Eduardo Almeida Ogah Terburu-buru Mendatangkan Pemain Baru ke Arema

Eduardo Almeida Ogah Terburu-buru Mendatangkan Pemain Baru ke Arema
Eduardo Almeida (C) WEAREMANIA

Eduardo Almeida ogah terburu-buru mendatangkan pemain baru ke Arema untuk menambah kekuatan jelang Liga 1 2021. Pelatih kepala Arema itu bahkan menyebut terlalu dini untuk membicarakan masalah tersebut.

Pelatih asal Portugal itu sendiri baru saja teken kontrak dan resmi diperkenalkan sebagai pelatih anyar Arema, Kamis (20/5/2021) siang. Sore harinya pun Eduardo sudah memimpin sesi latihan perdana Arema usai libur Lebaran di Stadion Kanjuruhan, Kabupaten Malang.

Baginya, yang lebih penting saat ini adalah menganalisa timnya dan mengenali satu persatu pemain yang sudah bergabung.
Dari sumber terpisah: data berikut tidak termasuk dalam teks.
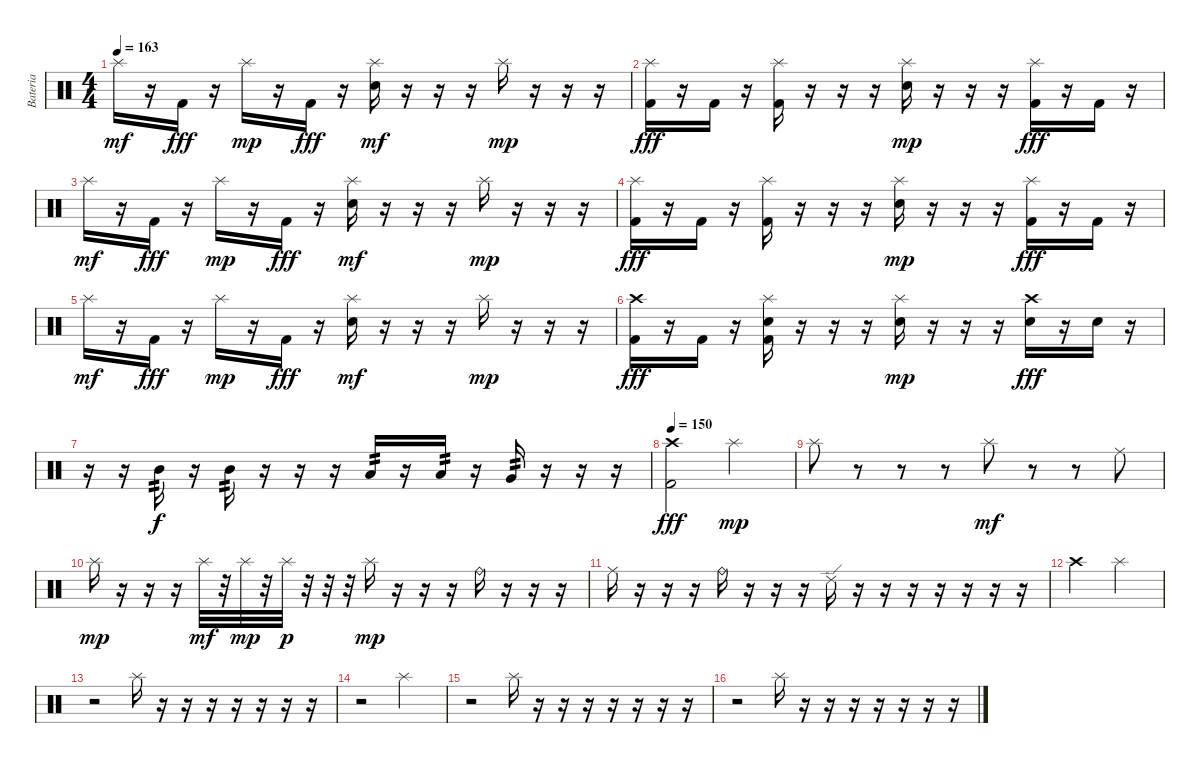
\track ("Bateria" "Bateria") {instrument percussion}
\staff {score}
\articulation defaults
\ts (4 4)
\tempo 163
\clef neutral
\ks c "Splash (hit)".16{dy mf}
r.16 "Kick (hit) 2".16{dy fff} r.16 "Splash (hit)".16{dy mp} r.16 "Kick (hit) 2".16{dy fff} r.16 ("Splash (hit)" "Electric Snare (hit)").16{dy mf} r.16 r.16 r.16 "Splash (hit)".16{dy mp} r.16 r.16 r.16 |
("Splash (hit)" "Kick (hit) 2").16{dy fff} r.16 "Kick (hit) 2".16 r.16 ("Splash (hit)" "Kick (hit) 2").16 r.16 r.16 r.16 ("Splash (hit)" "Electric Snare (hit)").16{dy mp} r.16 r.16 r.16 ("Splash (hit)" "Kick (hit) 2").16{dy fff} r.16 "Kick (hit) 2".16 r.16 |
"Splash (hit)".16{dy mf} r.16 "Kick (hit) 2".16{dy fff} r.16 "Splash (hit)".16{dy mp} r.16 "Kick (hit) 2".16{dy fff} r.16 ("Splash (hit)" "Electric Snare (hit)").16{dy mf} r.16 r.16 r.16 "Splash (hit)".16{dy mp} r.16 r.16 r.16 |
("Splash (hit)" "Kick (hit) 2").16{dy fff} r.16 "Kick (hit) 2".16 r.16 ("Splash (hit)" "Kick (hit) 2").16 r.16 r.16 r.16 ("Splash (hit)" "Electric Snare (hit)").16{dy mp} r.16 r.16 r.16 ("Splash (hit)" "Kick (hit) 2").16{dy fff} r.16 "Kick (hit) 2".16 r.16 |
"Splash (hit)".16{dy mf} r.16 "Kick (hit) 2".16{dy fff} r.16 "Splash (hit)".16{dy mp} r.16 "Kick (hit) 2".16{dy fff} r.16 ("Splash (hit)" "Electric Snare (hit)").16{dy mf} r.16 r.16 r.16 "Splash (hit)".16{dy mp} r.16 r.16 r.16 |
("Crash high (hit)" "Kick (hit) 2").16{dy fff} r.16 "Kick (hit) 2".16 r.16 ("Splash (hit)" "Kick (hit) 2" "Electric Snare (hit)").16 r.16 r.16 r.16 ("Splash (hit)" "Electric Snare (hit)").16{dy mp} r.16 r.16 r.16 ("Crash high (hit)" "Electric Snare (hit)").16{dy fff} r.16 "Electric Snare (hit)".16 r.16 |
r.16 r.16 "Mid Tom (hit)".16{tp 2 dy f} r.16 "Mid Tom (hit)".16{tp 2} r.16 r.16 r.16 "Low Tom (hit)".16{tp 2} r.16 "Low Tom (hit)".16{tp 2} r.16 "Very Low Tom (hit)".16{tp 2} r.16 r.16 r.16 |
\tempo 150
("Crash high (hit)" "Kick (hit) 2").2{dy fff} "Splash (hit)".2{dy mp} |
"Splash (hit)".8 r.8 r.8 r.8 "Splash (hit)".8{dy mf} r.8 r.8 "Ride (middle)".8 |
"Splash (hit)".16{dy mp} r.16 r.16 r.16 "Splash (hit)".32{dy mf} r.32 "Splash (hit)".32{dy mp} r.32 "Splash (hit)".32{dy p} r.32 r.32 r.32 "Splash (hit)".16{dy mp} r.16 r.16 r.16 "Ride (bell)".16 r.16 r.16 r.16 |
"Ride (middle)".16 r.16 r.16 r.16 "Ride (bell)".16 r.16 r.16 r.16 "Ride (edge) 2".16 r.16 r.16 r.16 r.16 r.16 r.16 r.16 |
"Crash high (hit)".2 "Splash (hit)".2 |
r.2 "Splash (hit)".16 r.16 r.16 r.16 r.16 r.16 r.16 r.16 |
r.2 "Splash (hit)".2 |
r.2 "Splash (hit)".16 r.16 r.16 r.16 r.16 r.16 r.16 r.16 |
r.2 "Splash (hit)".16 r.16 r.16 r.16 r.16 r.16 r.16 r.16
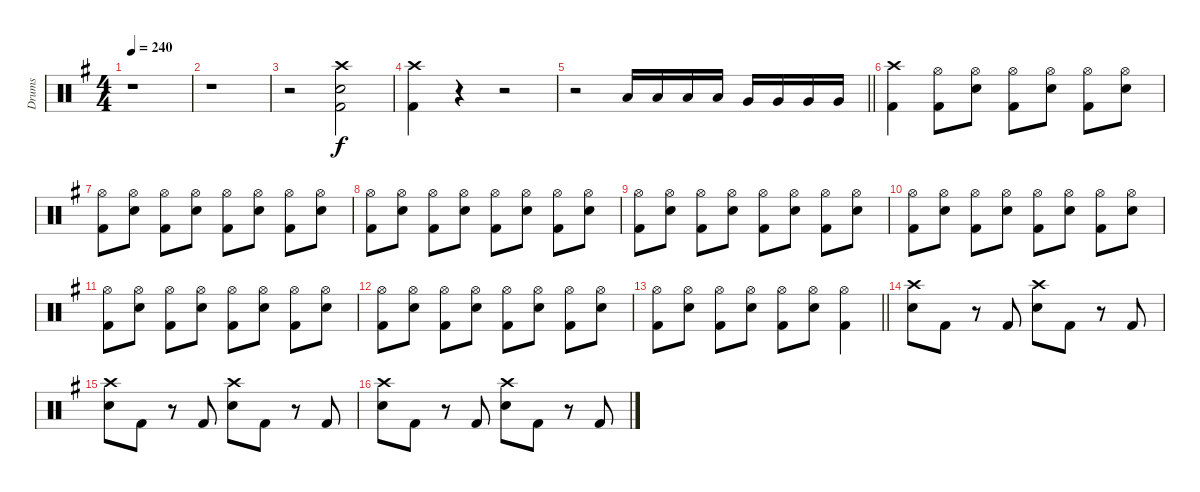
\track ("Drums" "Drums") {instrument percussion}
\staff {score}
\articulation defaults
\ts (4 4)
\tempo 240
\clef neutral
\ks eminor
r.1{dy f} |
r.1 |
r.2 ("Crash high (hit)" "Snare (hit) 2" "Kick (hit) 2").2 |
("Crash high (hit)" "Kick (hit) 2").4 r.4{volume 0} r.2 |
\barLineRight lightlight
r.2{volume 16} "Low Tom (hit)".16 "Low Tom (hit)".16 "Low Tom (hit)".16 "Low Tom (hit)".16 "Very Low Tom (hit)".16 "Very Low Tom (hit)".16 "Very Low Tom (hit)".16 "Very Low Tom (hit)".16 |
("Crash high (hit)" "Kick (hit) 2").4 ("Hi-Hat (open)" "Kick (hit) 2").8 ("Hi-Hat (open)" "Snare (hit) 2").8 ("Hi-Hat (open)" "Kick (hit) 2").8 ("Hi-Hat (open)" "Snare (hit) 2").8 ("Hi-Hat (open)" "Kick (hit) 2").8 ("Hi-Hat (open)" "Snare (hit) 2").8 |
("Hi-Hat (open)" "Kick (hit) 2").8 ("Hi-Hat (open)" "Snare (hit) 2").8 ("Hi-Hat (open)" "Kick (hit) 2").8 ("Hi-Hat (open)" "Snare (hit) 2").8 ("Hi-Hat (open)" "Kick (hit) 2").8 ("Hi-Hat (open)" "Snare (hit) 2").8 ("Hi-Hat (open)" "Kick (hit) 2").8 ("Hi-Hat (open)" "Snare (hit) 2").8 |
("Hi-Hat (open)" "Kick (hit) 2").8 ("Hi-Hat (open)" "Snare (hit) 2").8 ("Hi-Hat (open)" "Kick (hit) 2").8 ("Hi-Hat (open)" "Snare (hit) 2").8 ("Hi-Hat (open)" "Kick (hit) 2").8 ("Hi-Hat (open)" "Snare (hit) 2").8 ("Hi-Hat (open)" "Kick (hit) 2").8 ("Hi-Hat (open)" "Snare (hit) 2").8 |
("Hi-Hat (open)" "Kick (hit) 2").8 ("Hi-Hat (open)" "Snare (hit) 2").8 ("Hi-Hat (open)" "Kick (hit) 2").8 ("Hi-Hat (open)" "Snare (hit) 2").8 ("Hi-Hat (open)" "Kick (hit) 2").8 ("Hi-Hat (open)" "Snare (hit) 2").8 ("Hi-Hat (open)" "Kick (hit) 2").8 ("Hi-Hat (open)" "Snare (hit) 2").8 |
("Hi-Hat (open)" "Kick (hit) 2").8 ("Hi-Hat (open)" "Snare (hit) 2").8 ("Hi-Hat (open)" "Kick (hit) 2").8 ("Hi-Hat (open)" "Snare (hit) 2").8 ("Hi-Hat (open)" "Kick (hit) 2").8 ("Hi-Hat (open)" "Snare (hit) 2").8 ("Hi-Hat (open)" "Kick (hit) 2").8 ("Hi-Hat (open)" "Snare (hit) 2").8 |
("Hi-Hat (open)" "Kick (hit) 2").8 ("Hi-Hat (open)" "Snare (hit) 2").8 ("Hi-Hat (open)" "Kick (hit) 2").8 ("Hi-Hat (open)" "Snare (hit) 2").8 ("Hi-Hat (open)" "Kick (hit) 2").8 ("Hi-Hat (open)" "Snare (hit) 2").8 ("Hi-Hat (open)" "Kick (hit) 2").8 ("Hi-Hat (open)" "Snare (hit) 2").8 |
("Hi-Hat (open)" "Kick (hit) 2").8 ("Hi-Hat (open)" "Snare (hit) 2").8 ("Hi-Hat (open)" "Kick (hit) 2").8 ("Hi-Hat (open)" "Snare (hit) 2").8 ("Hi-Hat (open)" "Kick (hit) 2").8 ("Hi-Hat (open)" "Snare (hit) 2").8 ("Hi-Hat (open)" "Kick (hit) 2").8 ("Hi-Hat (open)" "Snare (hit) 2").8 |
\barLineRight lightlight
("Hi-Hat (open)" "Kick (hit) 2").8 ("Hi-Hat (open)" "Snare (hit) 2").8 ("Hi-Hat (open)" "Kick (hit) 2").8 ("Hi-Hat (open)" "Snare (hit) 2").8 ("Hi-Hat (open)" "Kick (hit) 2").8 ("Hi-Hat (open)" "Snare (hit) 2").8 ("Hi-Hat (open)" "Kick (hit) 2").4 |
("Crash high (hit)" "Snare (hit) 2").8 "Kick (hit) 2".8 r.8 "Kick (hit) 2".8 ("Crash high (hit)" "Snare (hit) 2").8 "Kick (hit) 2".8 r.8 "Kick (hit) 2".8 |
("Crash high (hit)" "Snare (hit) 2").8 "Kick (hit) 2".8 r.8 "Kick (hit) 2".8 ("Crash high (hit)" "Snare (hit) 2").8 "Kick (hit) 2".8 r.8 "Kick (hit) 2".8 |
("Crash high (hit)" "Snare (hit) 2").8 "Kick (hit) 2".8 r.8 "Kick (hit) 2".8 ("Crash high (hit)" "Snare (hit) 2").8 "Kick (hit) 2".8 r.8 "Kick (hit) 2".8

Di sisi lain, Eduardo juga mengamati semua pemain di klub-klub lainnya.

“Terlalu dini untuk membicarakan soal perekrutan pemain baru ini. Saya sedang menganalisa tim ini dari hasil pertandingan di Piala Menpora 2021 lalu. Saya tahu beberapa pemain, karena saya pernah melatih di Indonesia sebelumnya. Saya juga mengamati pemain-pemain di klub lain, untuk melihat kemungkinan bisa didatangkan,” kata Eduardo.

Eduardo Almeida Ogah Mengambil Keputusan Sendiri

Eduardo Almeida juga menegaskan tak akan mengambil keputusan sendiri terkait perekrutan pemain anyar. Semua pihak terkait akan dilibatkannya sebagai pemberi masukan.

Saat ini Arema tercatat sudah memiliki 25 pemain lokal sisa Piala Menpora 2021 lalu. Jika mengacu pada slot 30 pemain yang bisa didaftarkan, Arema tinggal menyisakan lima pemain rekurtan anyar, di mana empat di antaranya adalah pemain asing.

“Penting untuk dimengerti, dalam tim ini banyak orang, ada tim pelatih dan manajemen. Semua orang bekerja bersama, tentu butuh membicarakan ini bersama-sama, termasuk ketika ingin memilih pemain. Begitu pula dengan pemain asing, kita akan bicarakan bersama-sama,” pungkasnya.